In June 2010, pharmaceutical giant Pfizer voluntarily withdrew the acute myeloid leukemia (AML) drug Mylotarg® off the market over concerns of safety and the drug’s failure to extend survival time in patients [27]. A decade ago Mylotarg® was the first drug that was approved under the “accelerated approval” rules of the FDA. Such speedy FDA drug approvals under “special protocol assessments” are appraised on preliminary drug data and a promise by the company to follow up with more extensive clinical trials.
To overcome such inadequate clinical data, one option would be to utilize in-silico tools to predict the missing pharmacokinetic parameters thus giving us a better ability to estimate how these cancer drugs will act in the human body. Such tools available in commercial platforms such as KnowItAll® are able to predict the ADME/tox properties of drugs based on the compounds chemical structure [6–10]. We will report the results of such a task elsewhere.

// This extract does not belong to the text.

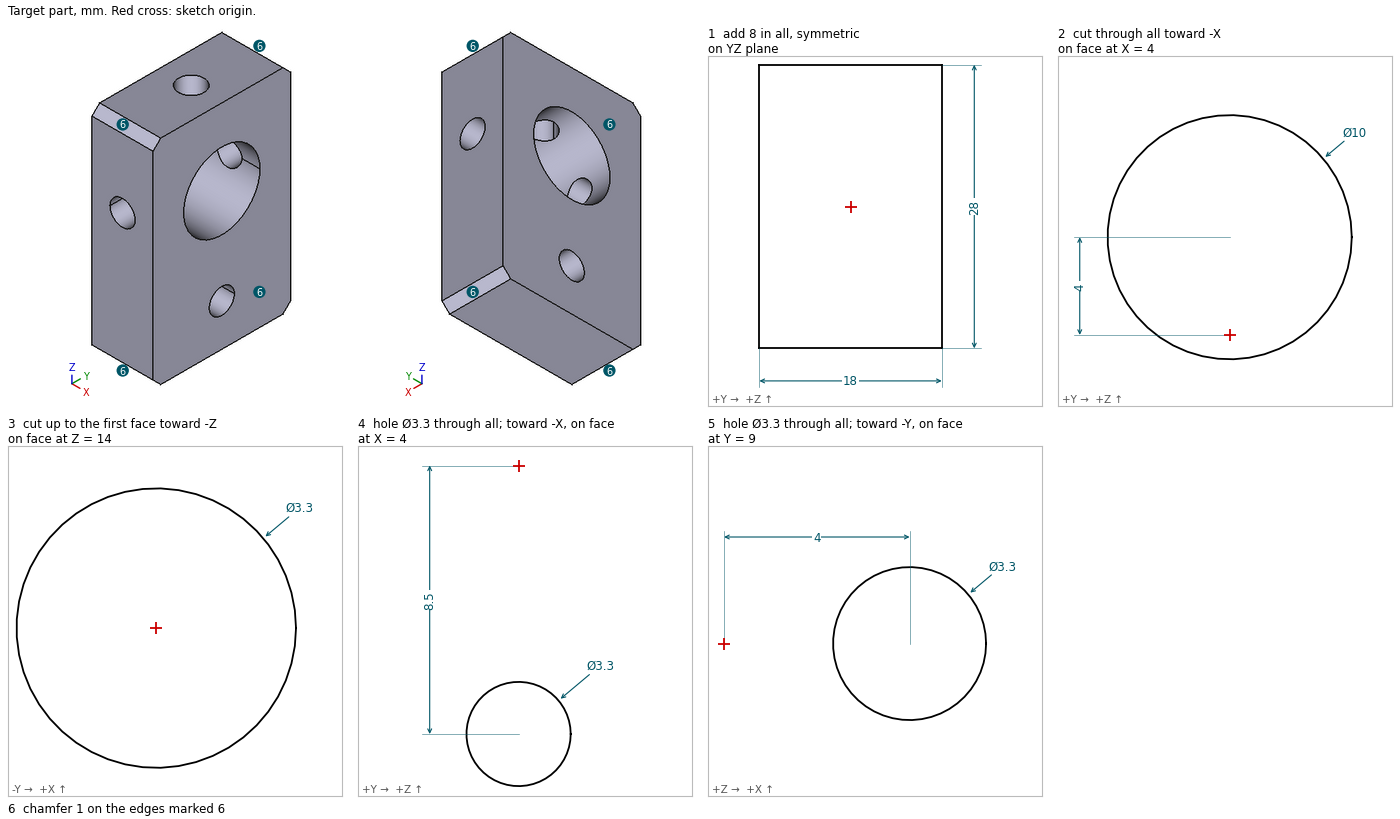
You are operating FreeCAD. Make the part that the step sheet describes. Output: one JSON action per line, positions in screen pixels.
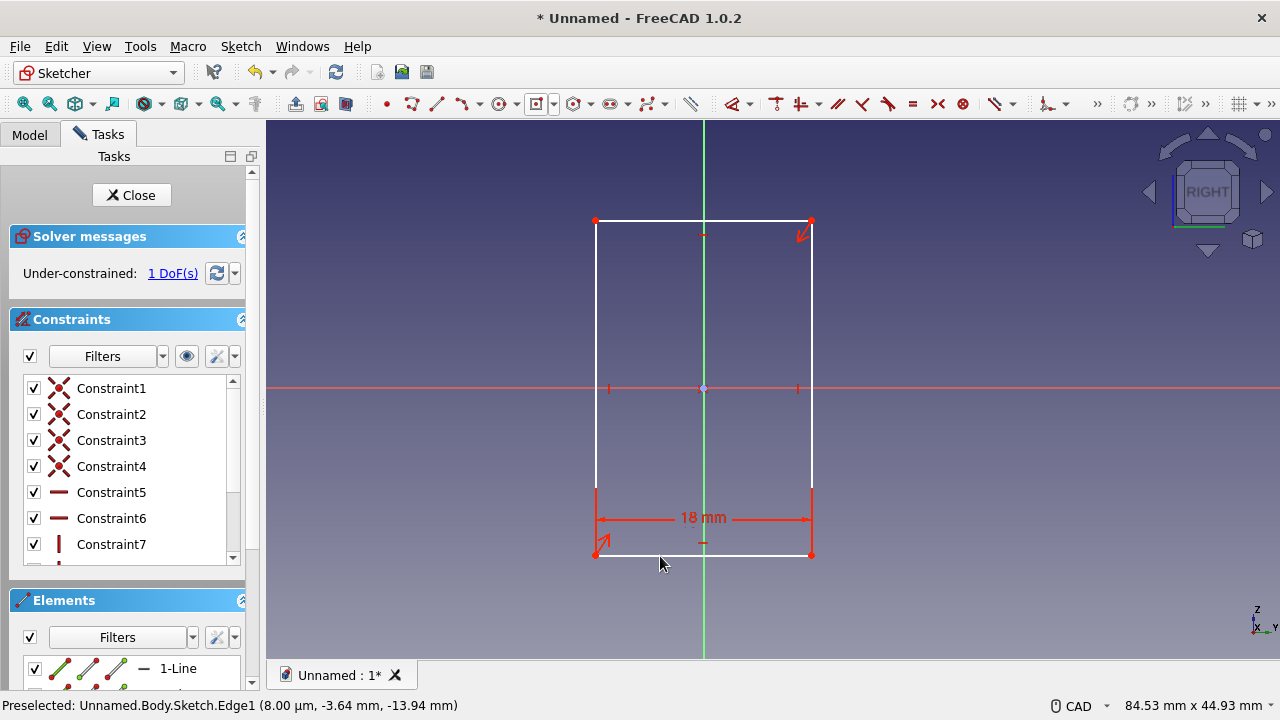
{"action": "left_click", "coordinate": [812, 455]}

A second option is to develop a freely-accessible online database where clinicians, researchers, and healthcare providers can add real-world data for future healthcare research and analytics. This will address the reporting challenges seen with the prescription inserts and will provide better therapeutic dosing strategies resulting in a higher quality care to beneficiaries. The implementation of the web application is currently under development. We are in the process to allow the browsing of the database, the loading of the new compounds, and the modification of the evidence attributions available to each user. The initial browsing of the database is currently available online -http://annotation.dbi.udel.edu/CancerDB/.
Acknowledgments
This research was supported by grant number 2 P2O RR016472-10 from the National Center for Research Resources (NCRR), a component of the National Institutes of Health (NIH). This IDeA Network of Biomedical Research Excellence (INBRE) grant to the state of Delaware was obtained under the leadership of the University of Delaware, and the authors sincerely appreciate their efforts. Additionally, J.M.W. acknowledges the receipt of an Undergraduate Tuition Scholarship from the NASA Grant NNG05GO92H Delaware Space Grant College and Fellowship Program.
Biographies
Ghada J. Alabed and Jordan M. Wheatley were Wesley College Biology majors who completed this undergraduate project as part of their Senior Research Capstone Experience. This project was mentored by Dr. Malcolm J. D’Souza, Professor of Chemistry, Wesley College. Both undergraduates received INBRE supported Undergraduate Research Assistantships in the Directed Research Program in Chemistry at Wesley. Additionally, Jordan received an Undergraduate Tuition Scholarship through the NASA funded Delaware Space Grant Consortium program at the University of Delaware. In April 2010, this project was one of just 60 from across the USA that was chosen to be showcased as a poster at the 2010 Council of Undergraduate Research (CUR) Posters on the Hill event.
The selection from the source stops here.